For obvious reasons concrete trucks should never be washed out into the street or into the storm drain.  Solids that are washed out of the concrete trucks can clog storm drains, causing flooding and expensive clean-up.  However, it is also important to contain the concrete wash water as well.  The wash water is very alkaline, which means it has a very high pH.  Water must have a pH in the range of 6.5-9.0 in order for aquatic life to survive.  Concrete wash water typically has a pH of 12 or above.  Furthermore, the pH scale is logarithmic, meaning that a pH of 12 is 10 times greater than a pH of 11, 100 times greater than a pH of 10, and 1000 times greater than a pH of 9.0, which is the highest level of alkalinity that aquatic life can tolerate.  If allowed to escape the site, concrete wash water can have a severe effect on our streams and rivers.

Other significant pollutants in concrete wash water are heavy metals such as chromium.  If wash water that is high in heavy metals leaches through the soil to the water table, it can contaminate our groundwater, which is where most cities in Nebraska get all of their drinking water.

Concrete washout is also high in suspended and dissolved solids.  The average stream or river in the United States typically has a suspended solid count of no more than 60 parts per million (ppm).  The average suspended solids in concrete wash water is 27,000 ppm, well above the range at which aquatic life can survive.

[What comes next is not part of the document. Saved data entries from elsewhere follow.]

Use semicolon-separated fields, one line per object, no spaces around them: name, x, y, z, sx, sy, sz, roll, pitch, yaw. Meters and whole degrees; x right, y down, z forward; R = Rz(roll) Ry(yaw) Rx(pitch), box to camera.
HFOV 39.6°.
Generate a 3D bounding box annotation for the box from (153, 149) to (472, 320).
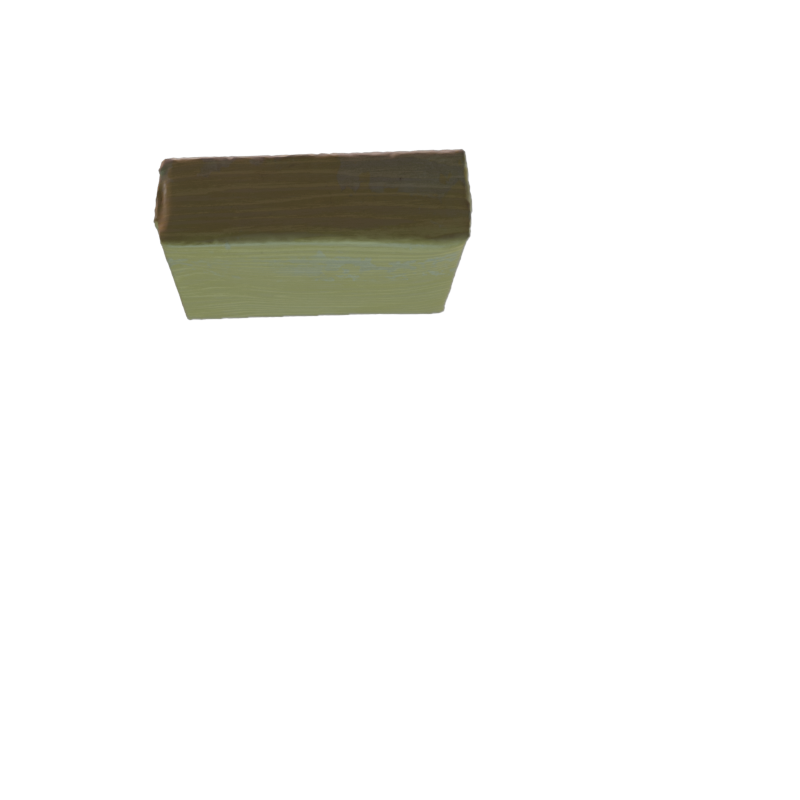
box;-0.034;-0.062;0.433;0.113;0.041;0.086;0;-14;-2
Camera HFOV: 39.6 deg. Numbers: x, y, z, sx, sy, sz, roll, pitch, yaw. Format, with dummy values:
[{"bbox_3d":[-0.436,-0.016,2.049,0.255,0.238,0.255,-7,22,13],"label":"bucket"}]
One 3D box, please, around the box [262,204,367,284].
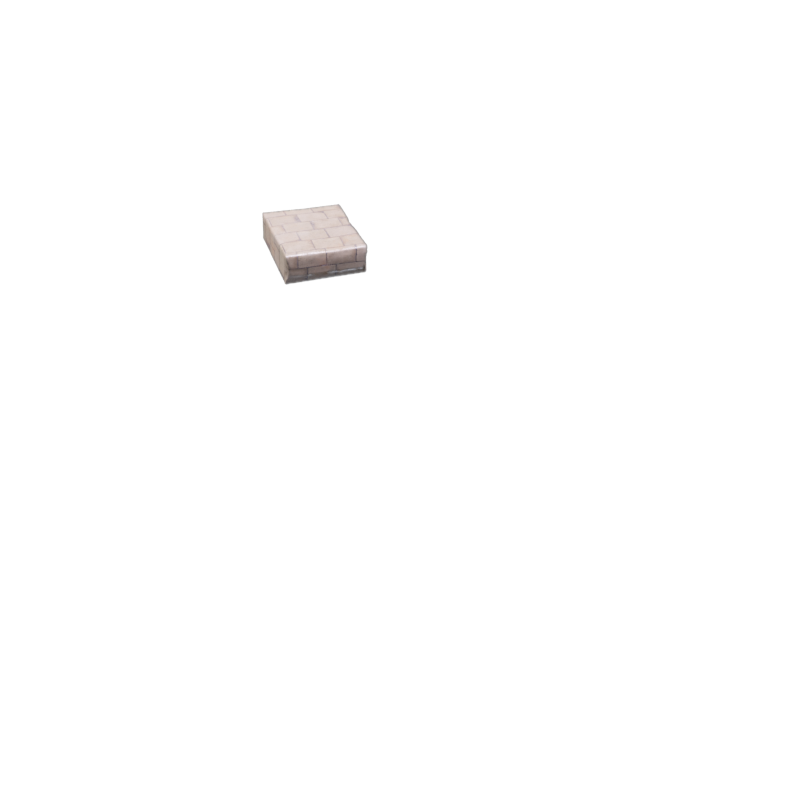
[{"bbox_3d":[-0.076,-0.139,0.972,0.072,0.028,0.096,-9,34,-14],"label":"box"}]
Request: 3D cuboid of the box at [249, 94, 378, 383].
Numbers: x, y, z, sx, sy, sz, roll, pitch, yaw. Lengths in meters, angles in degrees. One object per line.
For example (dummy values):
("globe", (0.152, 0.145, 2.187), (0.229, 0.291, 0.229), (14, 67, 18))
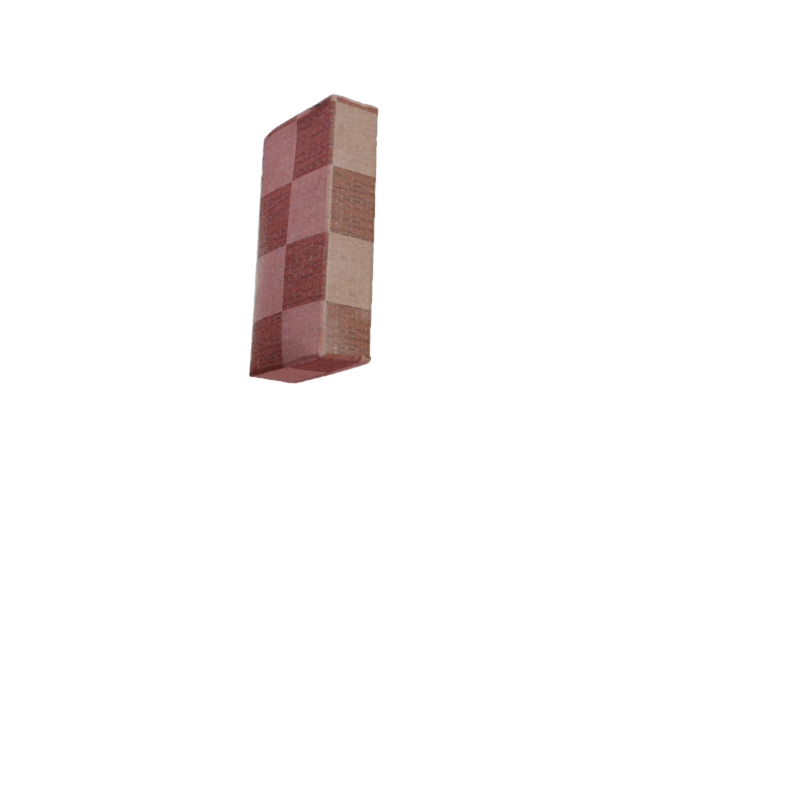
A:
("box", (-0.058, -0.106, 0.740), (0.046, 0.183, 0.094), (10, -18, -35))
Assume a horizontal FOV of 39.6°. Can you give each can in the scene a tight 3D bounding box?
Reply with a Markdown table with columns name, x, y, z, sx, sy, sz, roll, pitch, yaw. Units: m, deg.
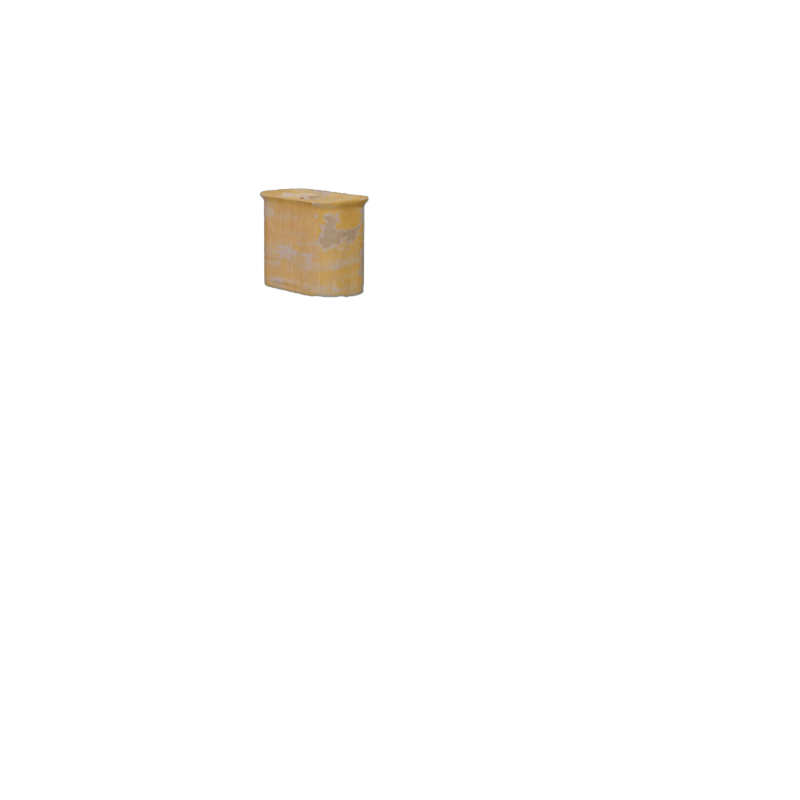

Luckily, it is not very difficult to control concrete washout on your construction site.  There are several different ways to build a concrete washout facility, the most simple being to dig a pit and line it with plastic sheeting that is at least 10-mil thick.  If you don’t have a good location on your site for a facility like this, you can also build a portable facility by building a box with a liner to contain the washout.  There are also several products available for purchase that are effective, portable concrete washout containers.  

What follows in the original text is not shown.